The mixture is placed in a magnetic field. The magnetic field immobilizes the SPR particles 310, as well as the super-paramagnetic Raman-active complex 300 which comprises the SPR bead 310, the target 212, and Raman-active tags 100. The magnetic field immobilizes the SPR bead and the super-paramagnetic Raman-active complex 300 onto the wall of the tube 310.
Unattached Raman-active tags and other components of the mixture remain in solution and are removed by washing.
After washing, the super-paragmagnetic Raman-active complex 300 (i.e. SPR-Target-Raman-active complexes) are removed from the magnetic field and resuspended in a small volume of buffer.
A portion of the buffer is then analyzed for the presence of a Raman-active signal.
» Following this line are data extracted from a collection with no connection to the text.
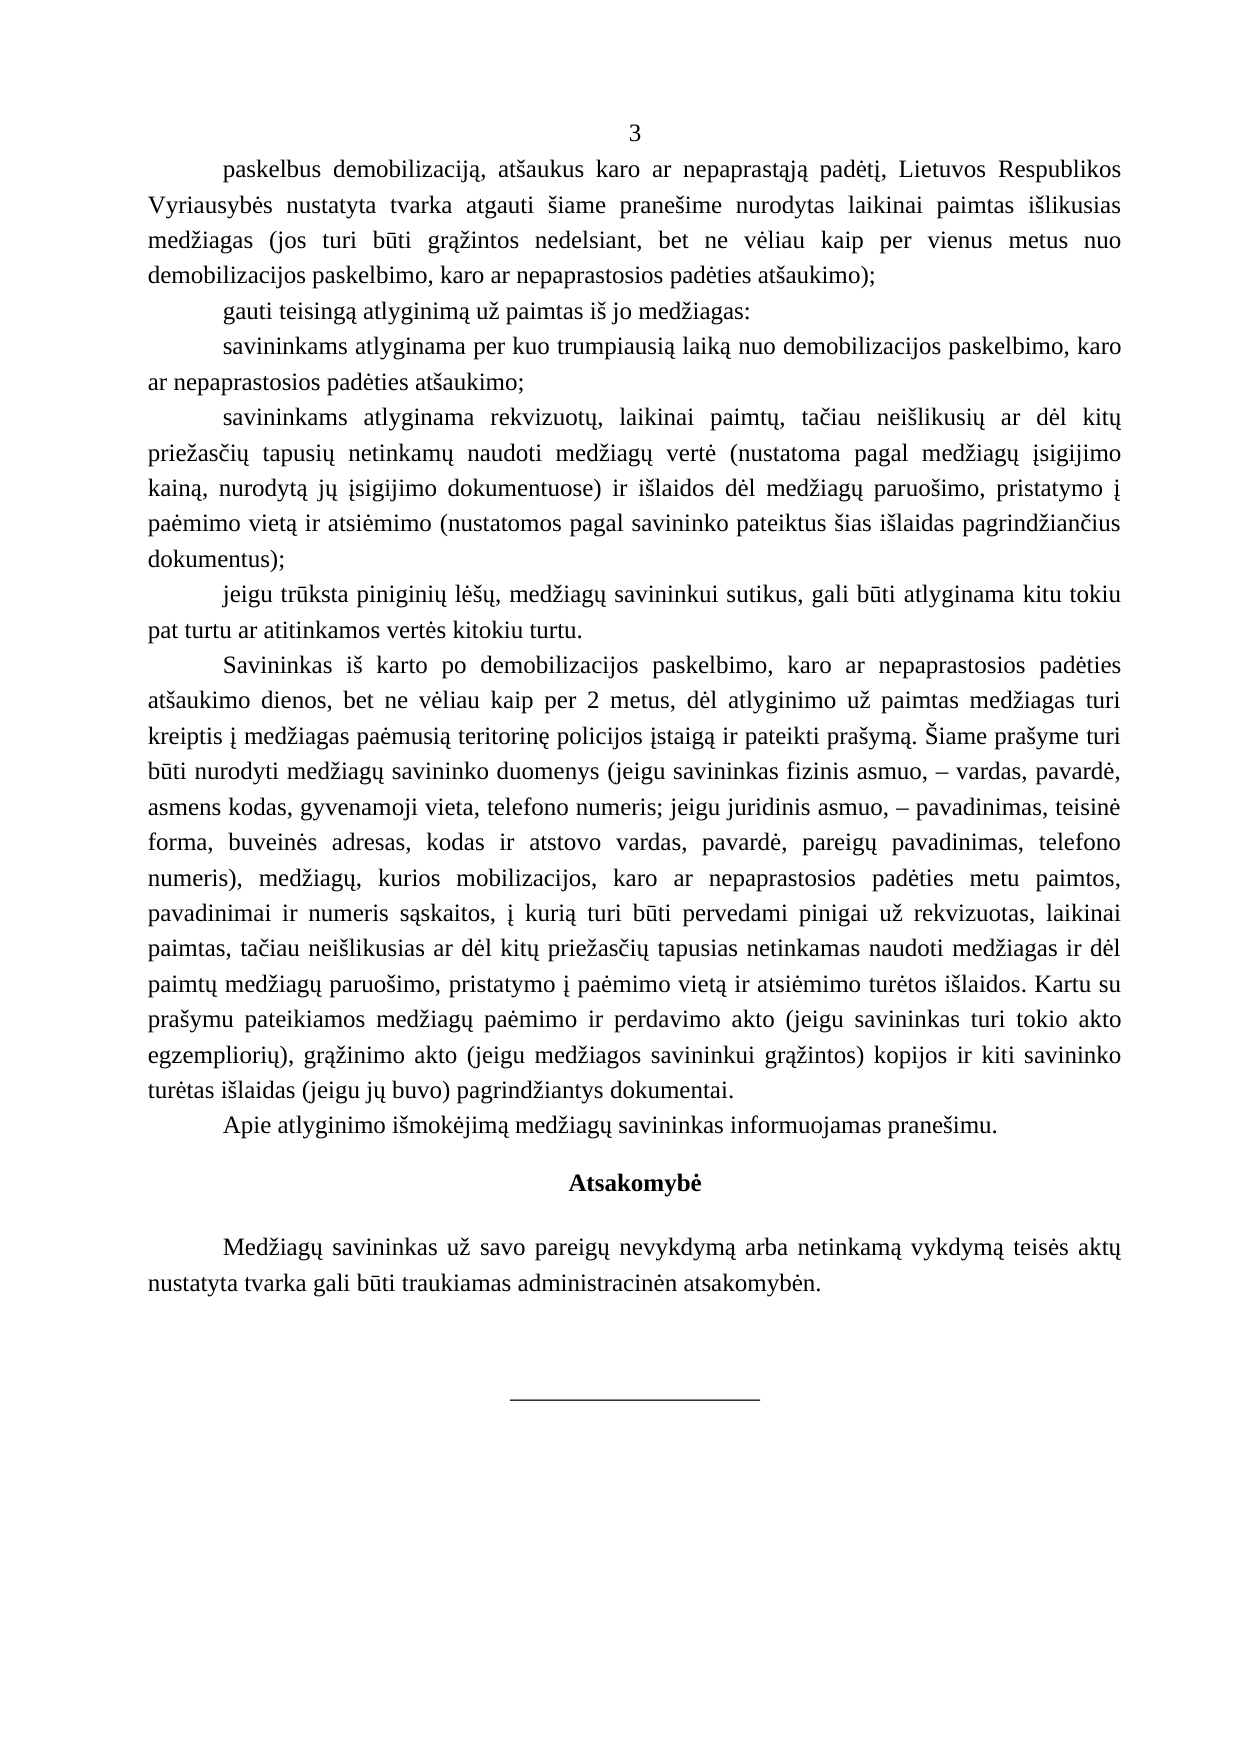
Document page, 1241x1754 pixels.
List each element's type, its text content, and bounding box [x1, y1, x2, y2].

text Atsakomybė [148, 1168, 1122, 1197]
text jeigu trūksta piniginių lėšų, medžiagų savininkui sutikus, gali būti atlyginama kitu tokiu pat turtu ar atitinkamos vertės kitokiu turtu. [148, 573, 1122, 643]
text savininkams atlyginama rekvizuotų, laikinai paimtų, tačiau neišlikusių ar dėl kitų priežasčių tapusių netinkamų naudoti medžiagų vertė (nustatoma pagal medžiagų įsigijimo kainą, nurodytą jų įsigijimo dokumentuose) ir išlaidos dėl medžiagų paruošimo, pristatymo į paėmimo vietą ir atsiėmimo (nustatomos pagal savininko pateiktus šias išlaidas pagrindžiančius dokumentus); [148, 396, 1122, 573]
text Medžiagų savininkas už savo pareigų nevykdymą arba netinkamą vykdymą teisės aktų nustatyta tvarka gali būti traukiamas administracinėn atsakomybėn. [148, 1226, 1122, 1296]
text Apie atlyginimo išmokėjimą medžiagų savininkas informuojamas pranešimu. [148, 1104, 1122, 1139]
text savininkams atlyginama per kuo trumpiausią laiką nuo demobilizacijos paskelbimo, karo ar nepaprastosios padėties atšaukimo; [148, 325, 1122, 396]
text Savininkas iš karto po demobilizacijos paskelbimo, karo ar nepaprastosios padėties atšaukimo dienos, bet ne vėliau kaip per 2 metus, dėl atlyginimo už paimtas medžiagas turi kreiptis į medžiagas paėmusią teritorinę policijos įstaigą ir pateikti prašymą. Šiame prašyme turi būti nurodyti medžiagų savininko duomenys (jeigu savininkas fizinis asmuo, – vardas, pavardė, asmens kodas, gyvenamoji vieta, telefono numeris; jeigu juridinis asmuo, – pavadinimas, teisinė forma, buveinės adresas, kodas ir atstovo vardas, pavardė, pareigų pavadinimas, telefono numeris), medžiagų, kurios mobilizacijos, karo ar nepaprastosios padėties metu paimtos, pavadinimai ir numeris sąskaitos, į kurią turi būti pervedami pinigai už rekvizuotas, laikinai paimtas, tačiau neišlikusias ar dėl kitų priežasčių tapusias netinkamas naudoti medžiagas ir dėl paimtų medžiagų paruošimo, pristatymo į paėmimo vietą ir atsiėmimo turėtos išlaidos. Kartu su prašymu pateikiamos medžiagų paėmimo ir perdavimo akto (jeigu savininkas turi tokio akto egzempliorių), grąžinimo akto (jeigu medžiagos savininkui grąžintos) kopijos ir kiti savininko turėtas išlaidas (jeigu jų buvo) pagrindžiantys dokumentai. [148, 643, 1122, 1104]
text gauti teisingą atlyginimą už paimtas iš jo medžiagas: [148, 289, 1122, 325]
text –––––––––––––––––––– [148, 1383, 1122, 1411]
text paskelbus demobilizaciją, atšaukus karo ar nepaprastąją padėtį, Lietuvos Respublikos Vyriausybės nustatyta tvarka atgauti šiame pranešime nurodytas laikinai paimtas išlikusias medžiagas (jos turi būti grąžintos nedelsiant, bet ne vėliau kaip per vienus metus nuo demobilizacijos paskelbimo, karo ar nepaprastosios padėties atšaukimo); [148, 148, 1122, 289]
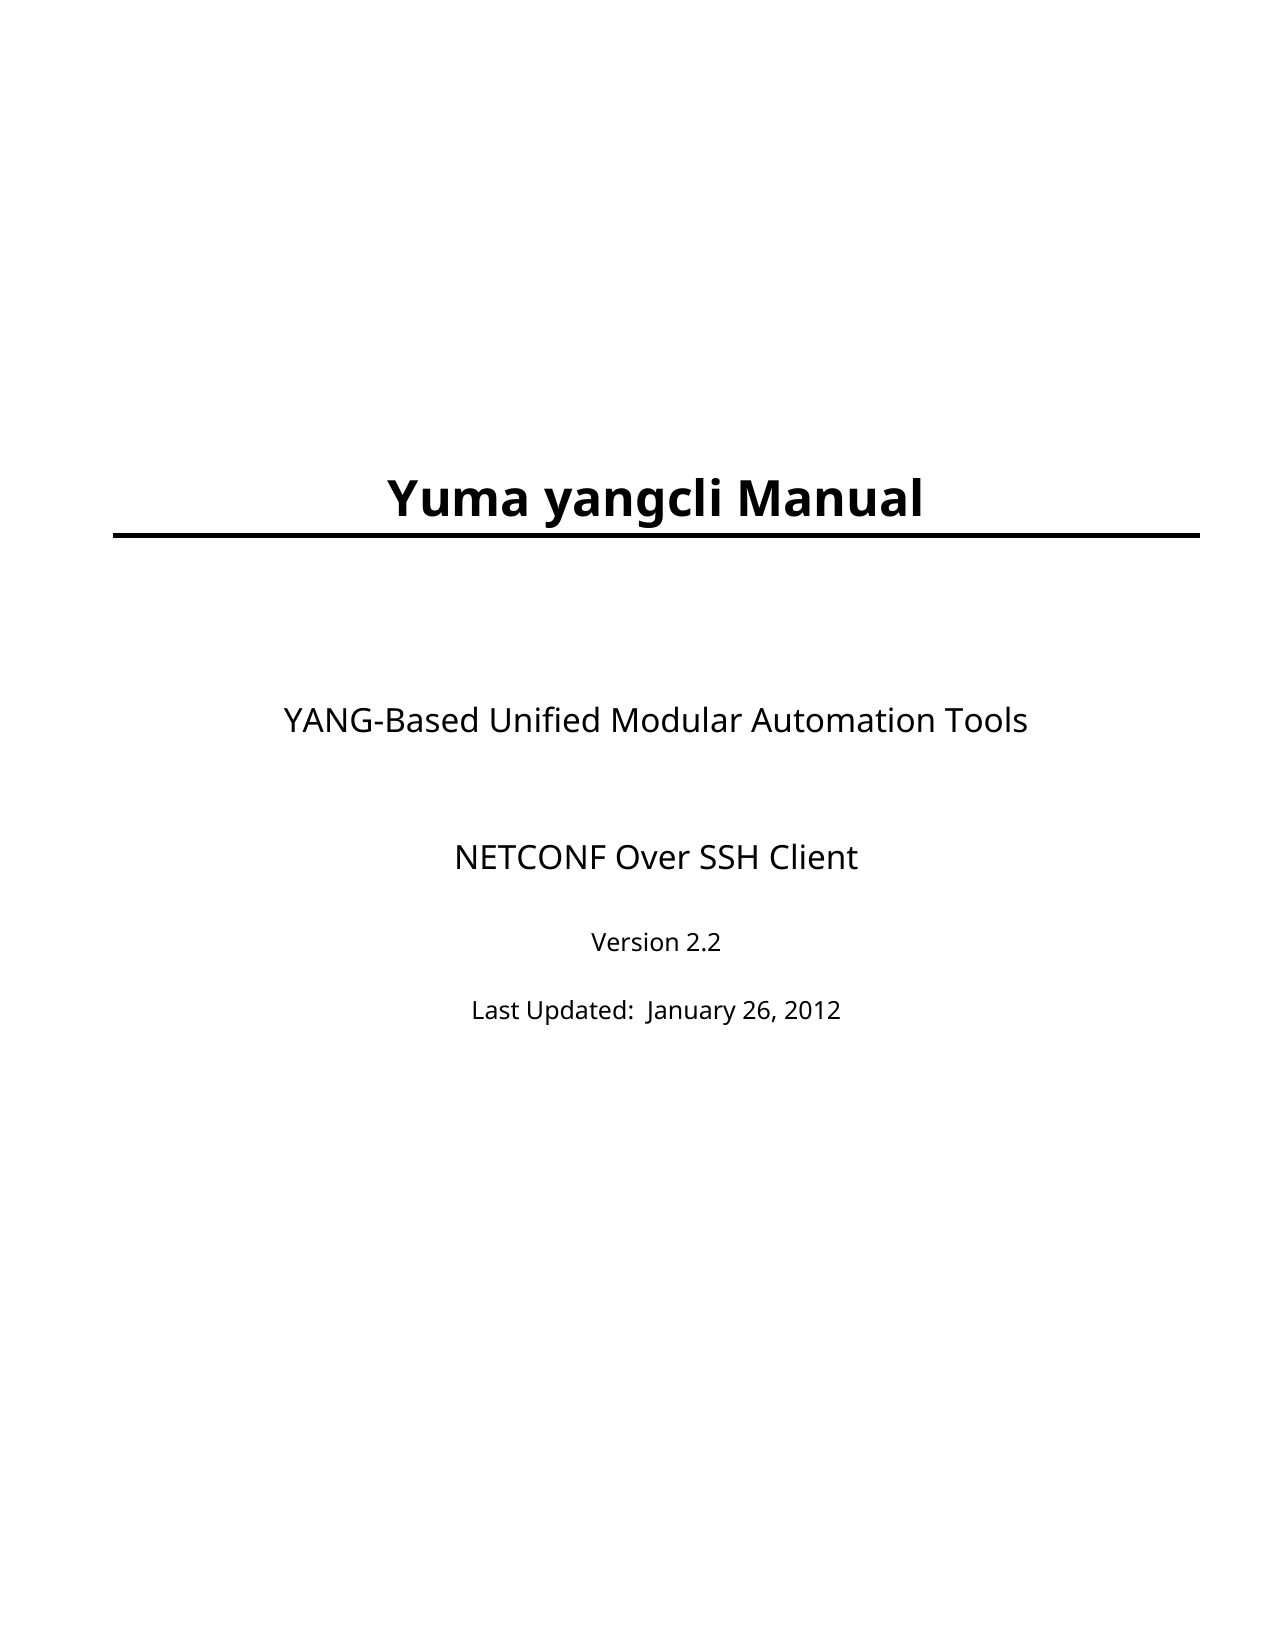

Thus, Example 1 demonstrates how it is possible to use immuno-functionalized Raman-active tags 100 to detect the presence of a specific target organism 212. In these experiments, a Raman signal is only detected when the appropriate target organism 212 and Raman-active tags 100 immuno-functionalized for that specific target organism 212 to detect the presence of that specific target organism 212 are both present.
While the invention has been described in detail in connection with only a limited number of aspects, it should be readily understood that the invention is not limited to such disclosed aspects. Rather, the invention can be modified to incorporate any number of variations, alterations, substitutions or equivalent arrangements not heretofore described, but which are commensurate with the spirit and scope of the invention. Additionally, while various embodiments of the invention have been described, it is to be understood that aspects of the invention may include only some of the described embodiments. Accordingly, the invention is not to be seen as limited by the foregoing description, but is only limited by the scope of the appended claims.